I got this old car. It was Nissan Sentra 1.5SLX manual (Known as Pulsar or Sunny at other country). The chassis no. was N13 and engine was E15 with 12V SOHC.

What kind of Fuel Injection engine can transplant into it? Now using E15 was carburator and FC quite high due to fuel price raise tremendously. 

At my country (Malaysia), the upgrade cannot more than 300 cc from original. Cannot change the engine mounting or modify the weilding.

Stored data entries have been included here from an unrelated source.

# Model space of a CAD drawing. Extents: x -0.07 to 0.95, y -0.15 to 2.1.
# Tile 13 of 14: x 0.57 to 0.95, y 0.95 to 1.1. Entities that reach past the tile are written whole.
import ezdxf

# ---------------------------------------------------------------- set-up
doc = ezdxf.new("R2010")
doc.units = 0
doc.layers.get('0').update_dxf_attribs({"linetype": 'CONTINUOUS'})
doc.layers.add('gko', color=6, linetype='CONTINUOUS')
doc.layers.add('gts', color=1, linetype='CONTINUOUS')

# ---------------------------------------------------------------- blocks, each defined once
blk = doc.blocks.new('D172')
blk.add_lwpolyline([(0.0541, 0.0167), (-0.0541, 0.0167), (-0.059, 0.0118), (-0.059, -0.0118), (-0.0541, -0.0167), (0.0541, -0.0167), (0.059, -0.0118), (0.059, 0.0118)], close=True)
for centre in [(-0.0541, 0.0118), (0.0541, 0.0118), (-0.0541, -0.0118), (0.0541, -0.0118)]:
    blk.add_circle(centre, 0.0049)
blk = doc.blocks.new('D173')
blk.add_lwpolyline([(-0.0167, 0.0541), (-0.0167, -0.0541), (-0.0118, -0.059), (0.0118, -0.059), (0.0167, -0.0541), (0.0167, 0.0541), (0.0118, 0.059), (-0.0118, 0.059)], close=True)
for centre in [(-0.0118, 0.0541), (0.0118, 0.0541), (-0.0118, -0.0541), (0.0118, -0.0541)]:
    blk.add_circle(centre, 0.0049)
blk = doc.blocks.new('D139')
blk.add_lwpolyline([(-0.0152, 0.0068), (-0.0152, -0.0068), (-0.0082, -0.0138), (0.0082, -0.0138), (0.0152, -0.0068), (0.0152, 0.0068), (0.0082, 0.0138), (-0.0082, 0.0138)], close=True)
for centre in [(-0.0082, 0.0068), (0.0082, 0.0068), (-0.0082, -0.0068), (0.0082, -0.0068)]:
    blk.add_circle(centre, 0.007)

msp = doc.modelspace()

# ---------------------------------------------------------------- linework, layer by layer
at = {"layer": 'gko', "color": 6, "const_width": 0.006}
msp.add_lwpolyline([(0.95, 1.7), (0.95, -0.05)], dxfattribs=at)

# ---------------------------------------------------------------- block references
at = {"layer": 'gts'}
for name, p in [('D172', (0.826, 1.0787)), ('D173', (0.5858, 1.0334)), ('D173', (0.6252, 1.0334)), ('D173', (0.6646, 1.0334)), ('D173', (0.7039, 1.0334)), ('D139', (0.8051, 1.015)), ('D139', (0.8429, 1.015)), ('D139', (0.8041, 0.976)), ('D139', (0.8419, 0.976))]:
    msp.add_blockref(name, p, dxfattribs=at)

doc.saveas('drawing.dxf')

Thinking of Nissan Sentra 1.6EFI (B14) engine. Don't know can fit in or not.


----------



## Pzych0 (Mar 1, 2005)

i would try for a ga16 engine. not to sure of the chassis but it sould fit in there with no modifying. If it is a sunny. The b14 engione will most probably need modifying to fit. According to the haynes manuals the Nissan Sentra is a sunny in other countrys so. The B14 engine need modifying to fit into my car without modifying. i have a b12 Nissan Sentra/sunny


----------



## mille-16i (Jun 16, 2004)

The N13 is our 2nd gen pulsar and yes the GA16i (90hp in US)will bolt in or the CA18de(125 hp in US) will go in nicely to with out welding just get the factory nissan mounts and all is good. You said that you had a E15 12 valve engine is this a mis print either GA15i 12 valve or E15 8 valve? if it is a E engine you can also do a E15et turbo engine its good for around 120 hp I think.


----------



## pciericagp (Sep 27, 2005)

Just want to install 1.6 Fuel Injection Engine to it. Want to get optimal fuel saving due to fuel raised high these day. Can GA16i fit in it easily. Mine was manual car.


----------



## mille-16i (Jun 16, 2004)

The only injected engine that will easily go in is the E16i but a GA16i will go in with a diff tranny and mounts but you will not get much better milage the E is a economic enngine put an i intake on your E15 making a E15i I get 30+ mpg with my E16i


----------